Task goal: Bring together copies of the lines in the data below that contain the word "boundaries".

------ Records to process

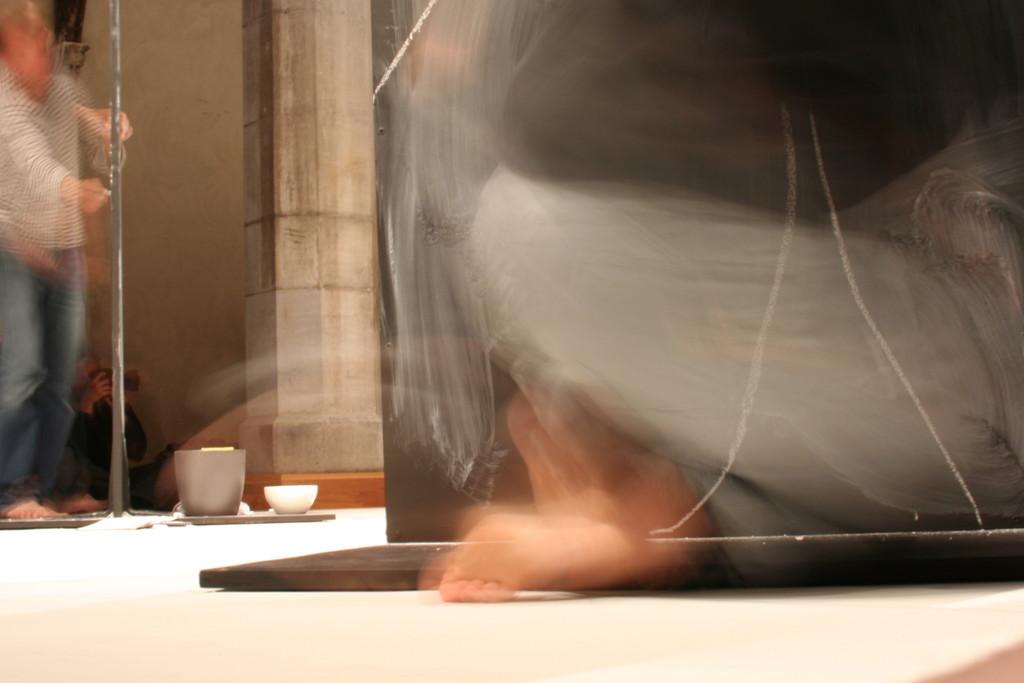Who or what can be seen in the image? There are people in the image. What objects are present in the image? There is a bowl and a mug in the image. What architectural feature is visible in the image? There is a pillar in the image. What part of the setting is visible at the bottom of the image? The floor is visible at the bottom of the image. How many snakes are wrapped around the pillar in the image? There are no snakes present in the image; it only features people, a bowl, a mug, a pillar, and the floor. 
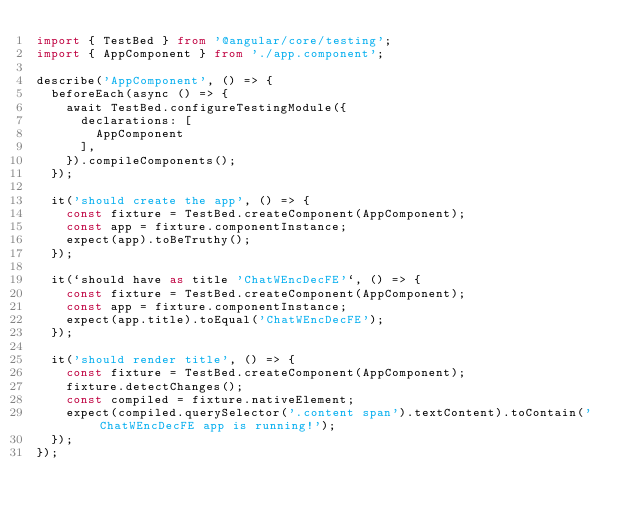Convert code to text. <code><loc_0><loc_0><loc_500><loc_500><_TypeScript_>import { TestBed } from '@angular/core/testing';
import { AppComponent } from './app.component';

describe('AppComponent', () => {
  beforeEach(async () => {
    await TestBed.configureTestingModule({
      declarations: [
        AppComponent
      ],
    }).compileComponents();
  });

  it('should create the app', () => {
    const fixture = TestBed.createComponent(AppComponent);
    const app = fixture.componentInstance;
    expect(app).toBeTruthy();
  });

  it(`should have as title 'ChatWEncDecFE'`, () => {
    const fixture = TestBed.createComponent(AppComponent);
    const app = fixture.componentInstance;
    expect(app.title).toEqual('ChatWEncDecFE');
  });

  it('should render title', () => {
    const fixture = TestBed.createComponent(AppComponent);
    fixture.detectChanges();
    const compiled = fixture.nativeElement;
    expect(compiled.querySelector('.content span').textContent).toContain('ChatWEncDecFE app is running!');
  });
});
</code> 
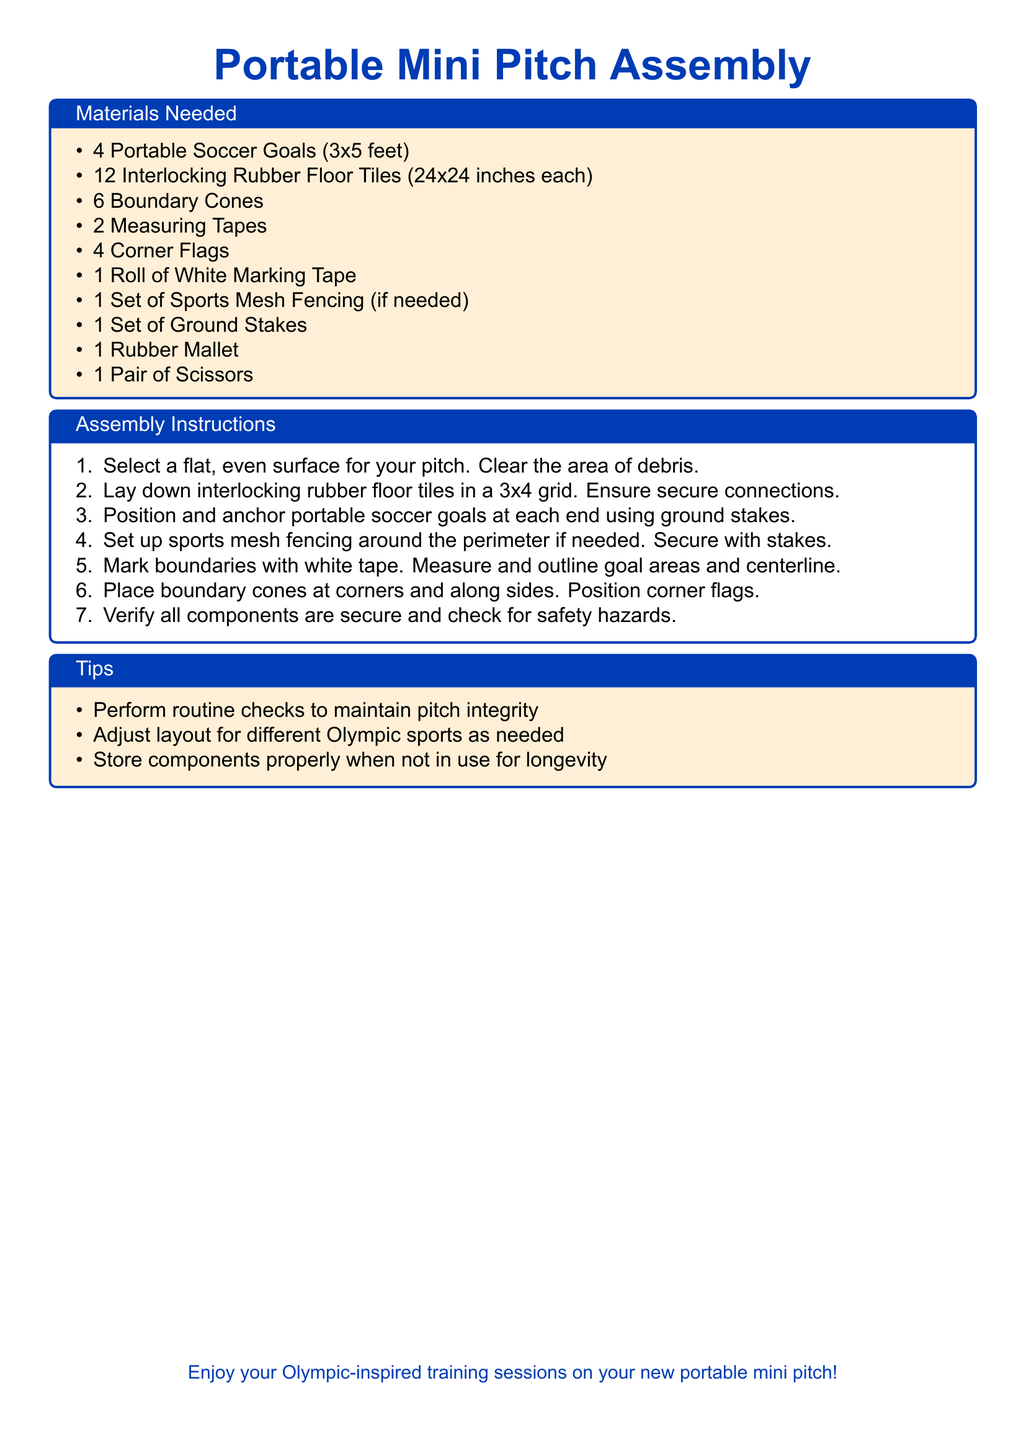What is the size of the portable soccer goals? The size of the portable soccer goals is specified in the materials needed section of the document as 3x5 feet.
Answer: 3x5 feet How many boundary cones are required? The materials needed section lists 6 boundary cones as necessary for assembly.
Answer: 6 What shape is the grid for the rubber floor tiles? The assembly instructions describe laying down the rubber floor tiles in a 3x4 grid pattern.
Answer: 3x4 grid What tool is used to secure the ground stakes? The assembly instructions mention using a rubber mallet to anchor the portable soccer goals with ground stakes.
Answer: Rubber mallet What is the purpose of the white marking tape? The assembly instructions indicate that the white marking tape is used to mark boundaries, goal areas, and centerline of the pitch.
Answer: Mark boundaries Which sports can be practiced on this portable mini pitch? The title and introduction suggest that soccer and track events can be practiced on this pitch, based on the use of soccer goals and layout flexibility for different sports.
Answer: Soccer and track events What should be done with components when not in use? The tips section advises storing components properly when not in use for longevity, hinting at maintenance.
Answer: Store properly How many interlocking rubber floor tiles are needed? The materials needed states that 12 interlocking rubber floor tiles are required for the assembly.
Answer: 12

------------

Output of the exercise:
Answer: Rubber mallet What is the purpose of the white marking tape? The assembly instructions indicate that the white marking tape is used to mark boundaries, goal areas, and centerline of the pitch.
Answer: Mark boundaries Which sports can be practiced on this portable mini pitch? The title and introduction suggest that soccer and track events can be practiced on this pitch, based on the use of soccer goals and layout flexibility for different sports.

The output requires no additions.